Is a B Bops franchisee prohibited from requesting that any customer of another franchisee terminate their business relationship?
B_Bops Franchise · 2025 FDDAnswer from 2025 FDD Document
That during the Term of this Agreement and for a period of two (2) years thereafter, Franchisee, its directors, officers, shareholders, partners, members, employees or agents acting individually or through others, will not, directly or indirectly: (i) employ (or contact or solicit for the purpose of seeking to employ) any then current employee of Company or of any other franchisee; (ii) request that any customer of Company or any other franchisee cancel or terminate their business or their relationship with Company or such other franchisee; or (iii) request that any other authorized franchisee of Company cancel or terminate its relationship with Company;
Source: Item 22 — CONTRACTS (FDD page 53)

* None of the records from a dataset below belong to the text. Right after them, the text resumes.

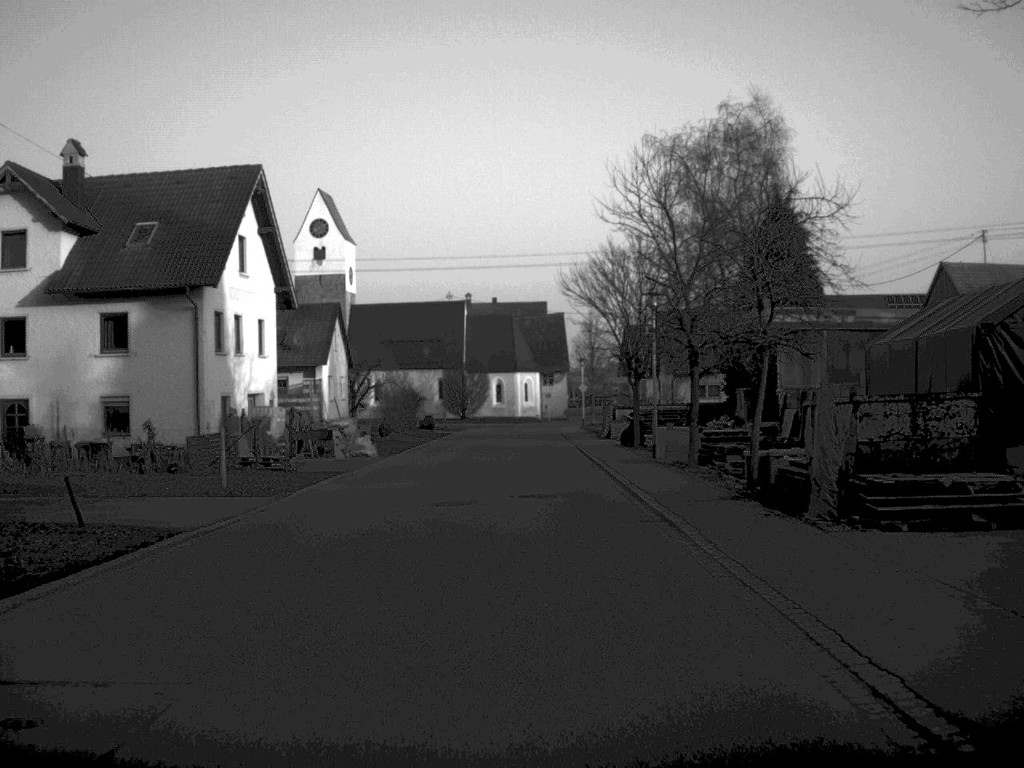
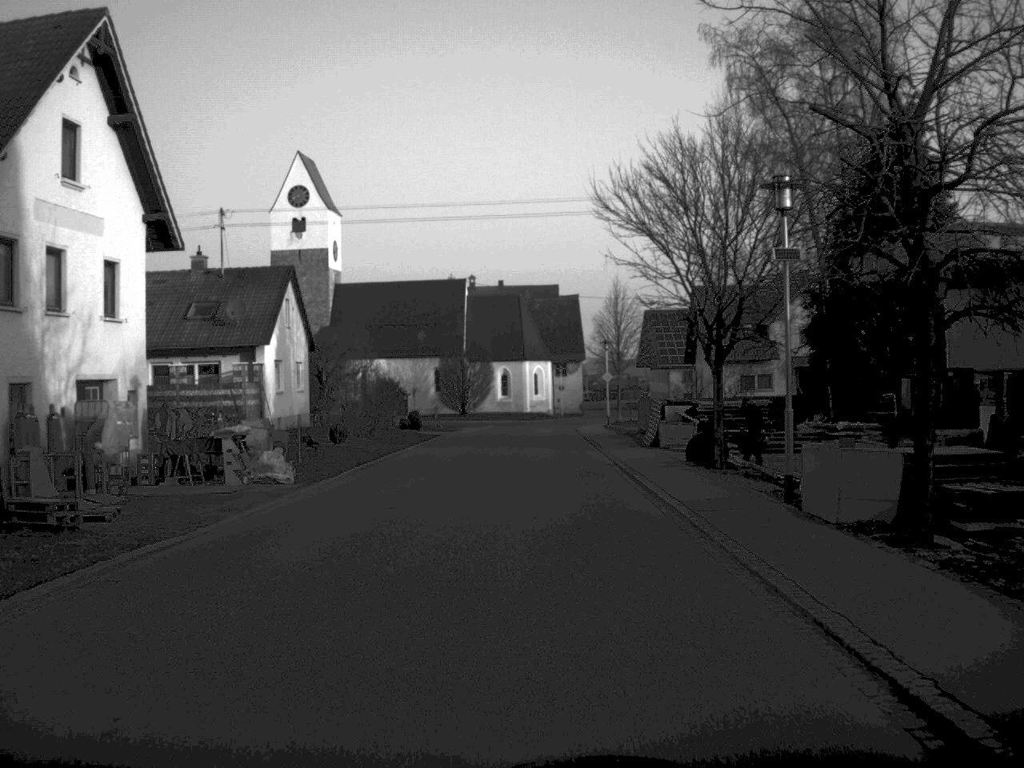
(0.0, +16.6) m; 0°
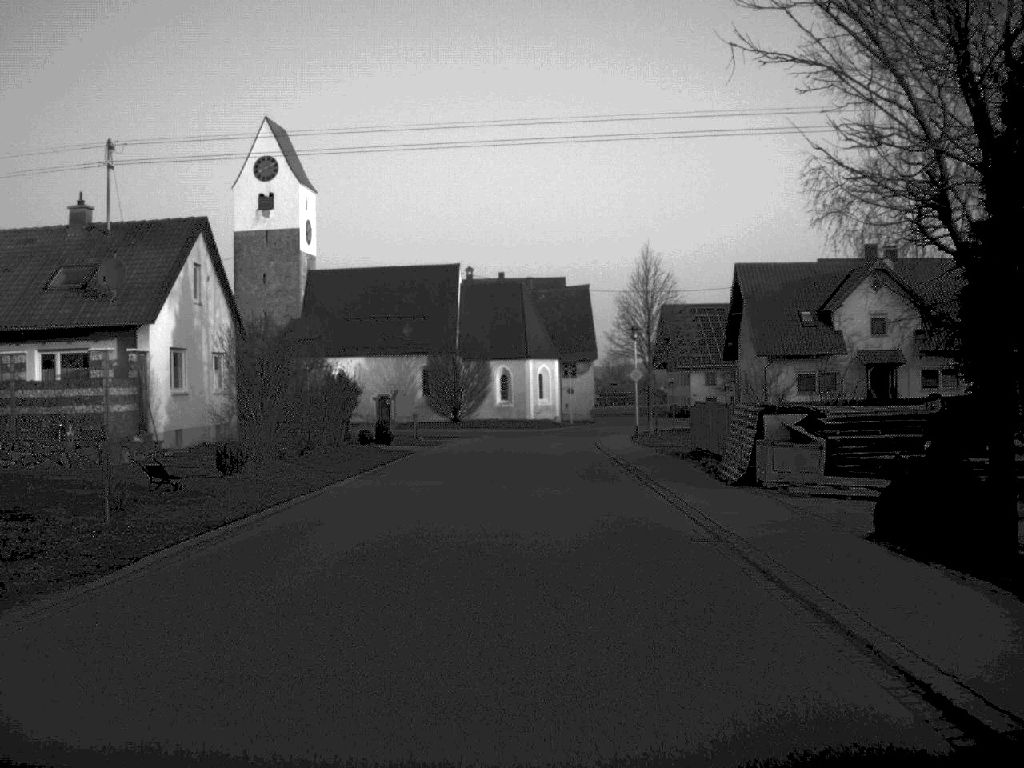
(0.0, +15.6) m; 0°
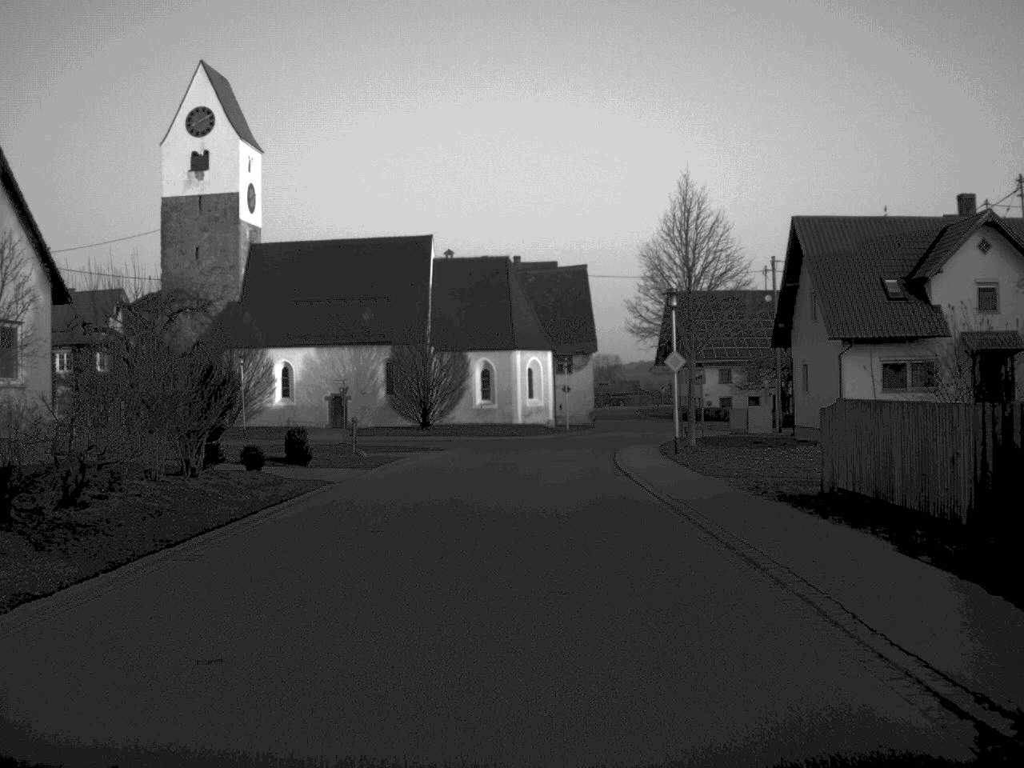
(+0.1, +16.7) m; +1°
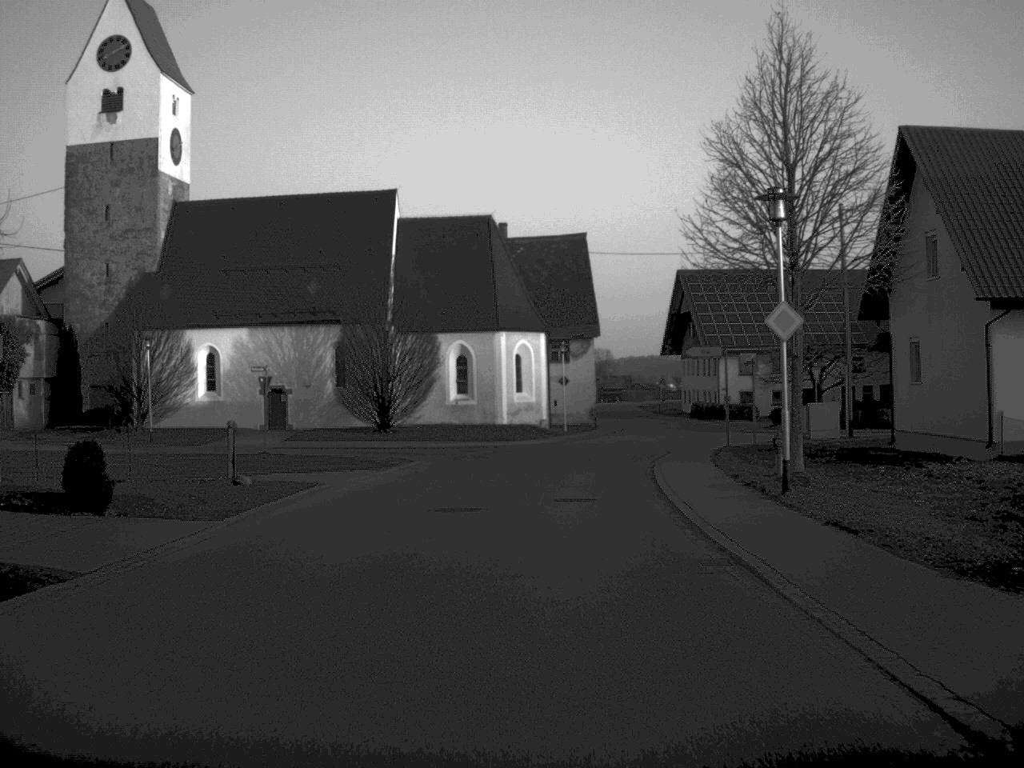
(+0.1, +15.7) m; 0°
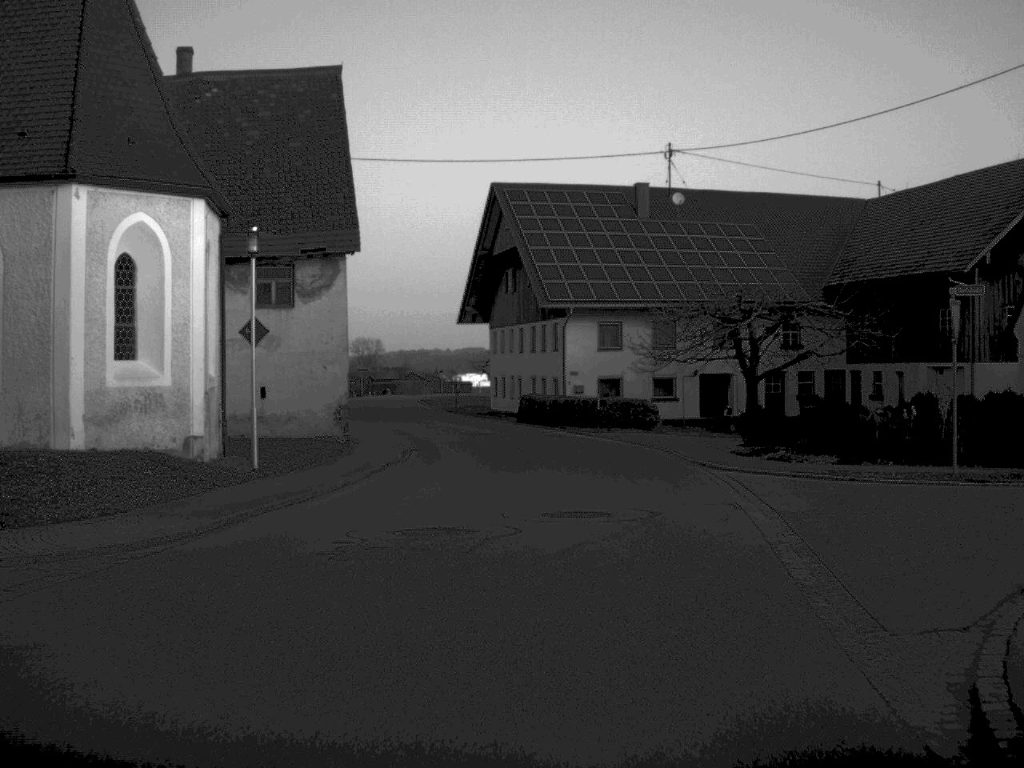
(+2.5, +38.7) m; +11°
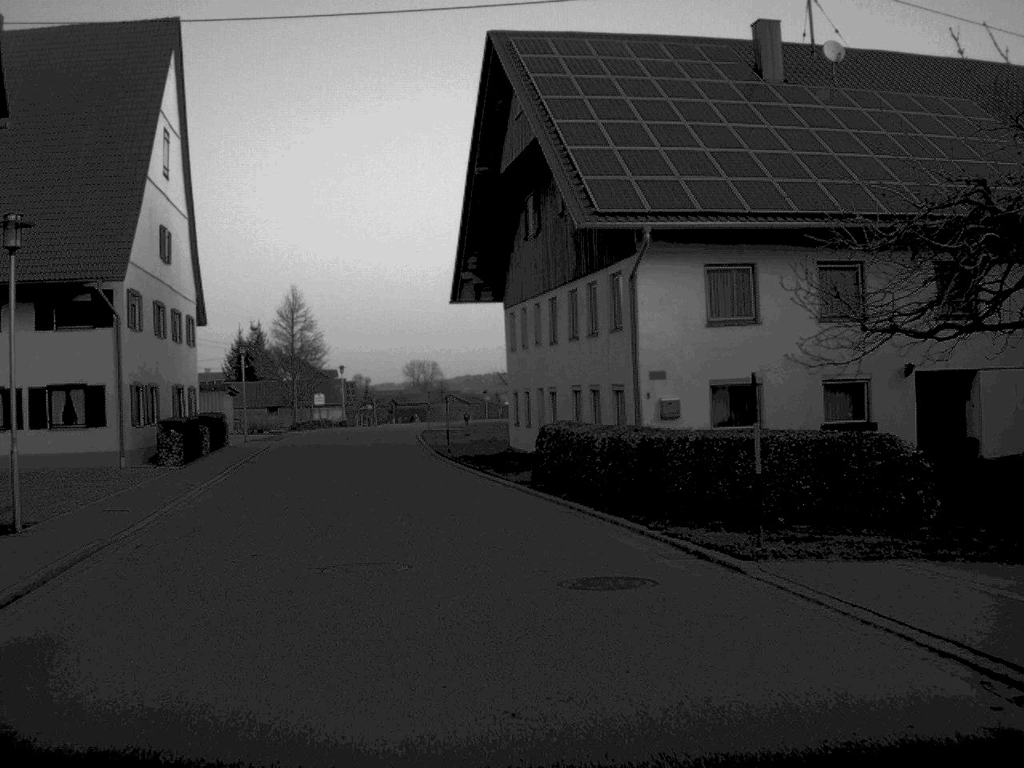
(+0.7, +29.9) m; -4°

What This Means (2025 FDD)
According to B Bops's 2025 Franchise Disclosure Document, a franchisee is prohibited from requesting that a customer of another B Bops franchisee terminate their business relationship. Specifically, during the term of the Franchise Agreement and for two years after, the franchisee, its directors, officers, shareholders, partners, members, employees, or agents acting individually or through others, cannot directly or indirectly request that any customer of the company or any other franchisee cancel or terminate their business or their relationship with the company or such other franchisee.
This restriction is in place to protect the relationships between B Bops and its customers, as well as the relationships between different B Bops franchisees and their respective customer bases. It prevents franchisees from engaging in activities that could harm the B Bops brand or the business of other franchisees within the system. This type of clause is standard in franchise agreements to maintain stability and prevent poaching of customers within the franchise network.
This clause remains in effect during the term of the agreement and for a period of two years after the agreement's termination. This extended period ensures that franchisees do not exploit their knowledge or connections gained during the franchise term to unfairly compete with B Bops or other franchisees once the agreement has ended. Prospective franchisees should understand that this restriction is a significant commitment and could impact their business activities even after they are no longer part of the B Bops franchise system.